Ob ich schon mal in Asien war, fragen mich die vier.

„Nein, leider nicht. Obwohl ich doch sehr gerne auch Asien sehen würde.“

„Mit dem Fahrrad?“

„Haha, also vor drei Monaten hätte ich gesagt wahrscheinlich nicht. Aber auf der Radtour habe ich jetzt so viele abenteuerlustige Leute kennengelernt, dass mir eine Radtour nach Asien gar nicht mehr so verrückt vorkommt.“

„Dann musst du unbedingt auch Südkorea besuchen. Wir haben eine Insel, wo es ganz viele Mountainbike-Strecken gibt!“

„Das muss ich mir merken, Mountainbike fahre ich nämlich sehr gerne.“

Ich bin neugierig, was die vier so im normalen Leben machen. Ti erzählt, dass er schon studiert hat, jetzt aber noch ein zweites Studium im Programmieren absolviert. Sehr pragmatisch, denke ich. Das wird in Zukunft noch wichtig sein, wie eine Fremdsprache zu können.

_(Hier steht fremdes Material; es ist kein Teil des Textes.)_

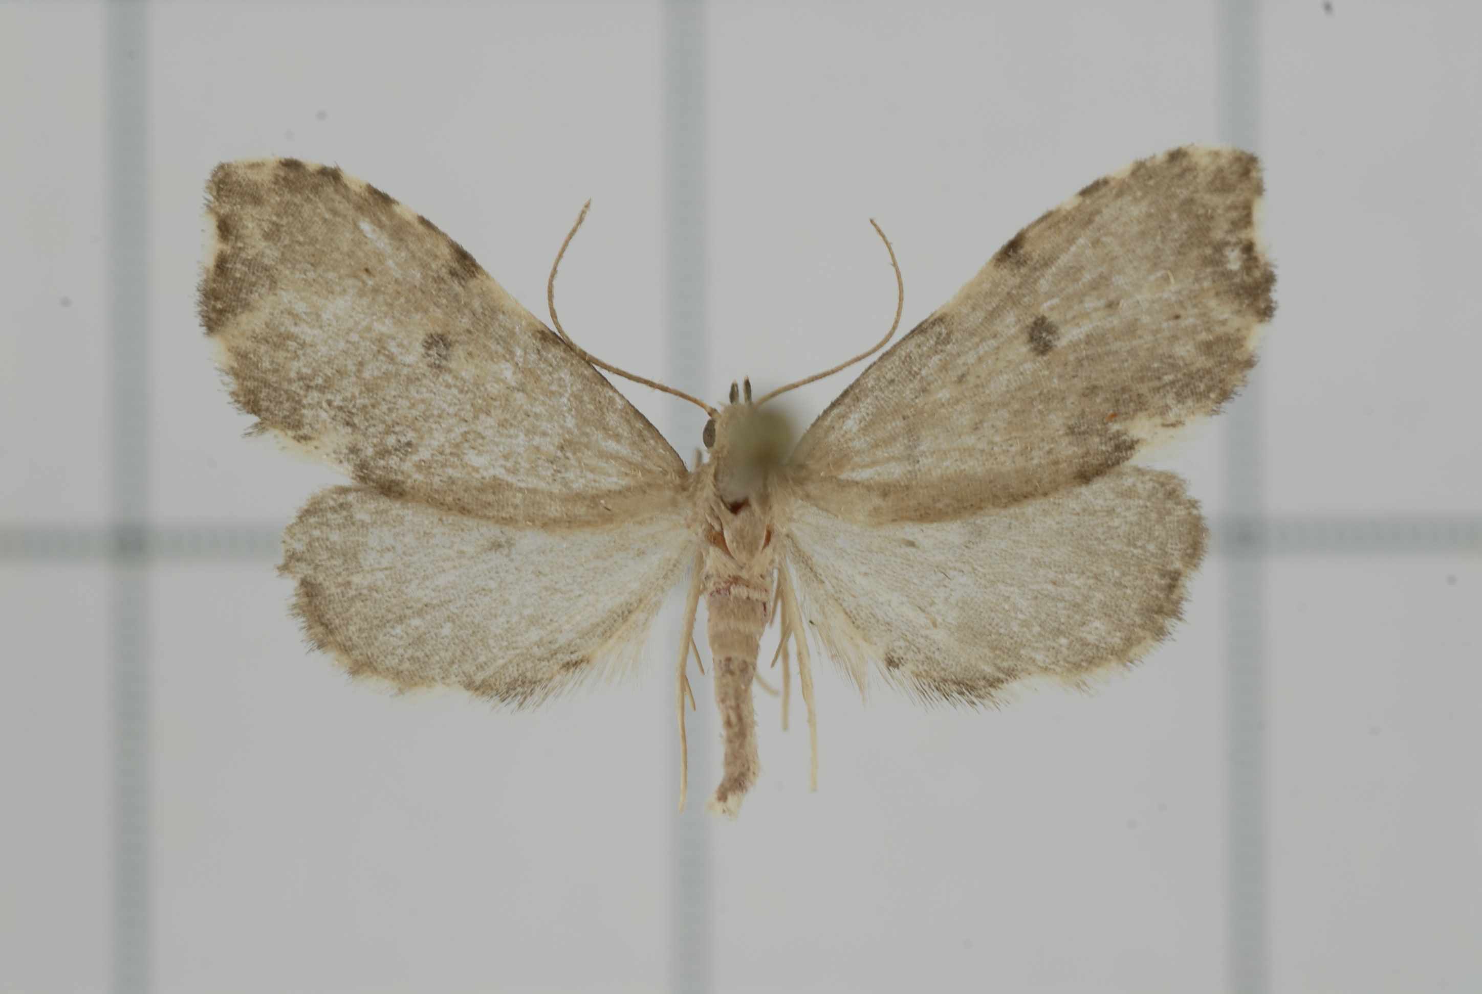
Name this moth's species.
Metaemene hampsoni

Dari hingegen macht etwas ganz anderes: sie ist Physiotherapeutin.

„Genau das richtige für den Camino“, bemerke ich.

„Ja“, rufen alle.

Leider hat sich Jule trotzdem ordentliche Blasen gelaufen. Jetzt läuft sie in Flip-Flops, die ganze Tagestour von 34 km.

Insgesamt spazieren wir 5 km zusammen.

Ti ist neugierig, was ich mache, wenn ich nicht auf dem Fahrrad sitze.

„Ich habe Wirtschaft studiert“, erzähle ich.

„Und wer ist dein Lieblingsökonom?“

Gute Frage, so intensiv beschäftigt man sich gar nicht mit den großen Denkern der Ökonomie beim Wirtschaftsstudium. „Keynes“, sage ich. Den müsste man eigentlich kennen. „Genau nach seinem Vorbild haben die Staaten in der Finanz- und auch in der Coronakrise gehandelt – und zwar indem sie (z.B. durch das Kurzarbeitergeld) die Wirtschaft gestützt haben. Jetzt kommt es darauf an, in guten Zeiten Überschüsse zu erwirtschaften und die Schulden aus der Krise abzubauen. Jedenfalls wenn wir der Logik von Keynes folgen.“

Gegen 16 Uhr kommen wir in dem Dorf an, wo die Koreaner die Nacht verbringen werden. Wir verabschieden uns herzlich und Yeti gibt mir ein kleines Andenken mit: eine koreanische Flagge als Anstecker. Während die vier zu ihrer Herberge laufen, setze ich mich in ein Café, und esse eine Empanada.

Dort treffe ich einem anderen Deutschen, der den spanischen Abschnitt des Pilgerwegs macht. Wir unterhalten uns und trinken ein Bier zusammen. Es stellt sich heraus, dass der Mann in Münster studiert hat. „Leider habe ich damals nie so eine Reise unternommen wie du. Ich habe es verpasst. Jetzt mit 50 hole ich das endlich mal nach.“

Er erzählt mir von seinem Sohn, der eine Lehre als Zahntechniker gemacht hat und jetzt Zahnmedizin studieren möchte. „Wie geht es bei dir weiter?“, fragt er mich. „Ja, ich möchte auch noch meinen Masterabschluss machen, aber ich weiß noch nicht wo. Einige Zusagen habe ich aber schon.“

Der Mann wundert sich. „Hast du schon Zusagen in Deutschland?“, fragt er nach. „Nein, in den Niederlanden. Ich habe mich dort und in Dänemark beworben.“

„Ach, Dänemark. Das wäre doch auch eine schöne Sache. Sehr rücksichtsvolle Autofahrer“

„Aber ein bisschen zu flach für meinen Geschmack“, erwidere ich. „Aber ich kann mich anpassen, habe ja schon den Bachelor in den Niederlanden gemacht…“

An einem anderen Tisch sitzen einige Amerikaner, die von der außerweltlichen Schönheit des Caminos schwärmen. „Beyond beautiful“ sagen sie immer wieder, als ob dadurch die Bilder im Kopf noch schöner werden. Vielleicht tun sie das ja auch, man wiederhole etwas oft genug und irgendwann glaubt man dran.

Aus der Erfahrung von einigen tausend Vergleichskilometern würde ich sagen, der Camino ist ein netter Weg, auf dem man sicherlich nicht verhungert, was Essen und Gespräche anbelangt. Außerweltliche Schönheit findet man aber sicherlich woanders besser.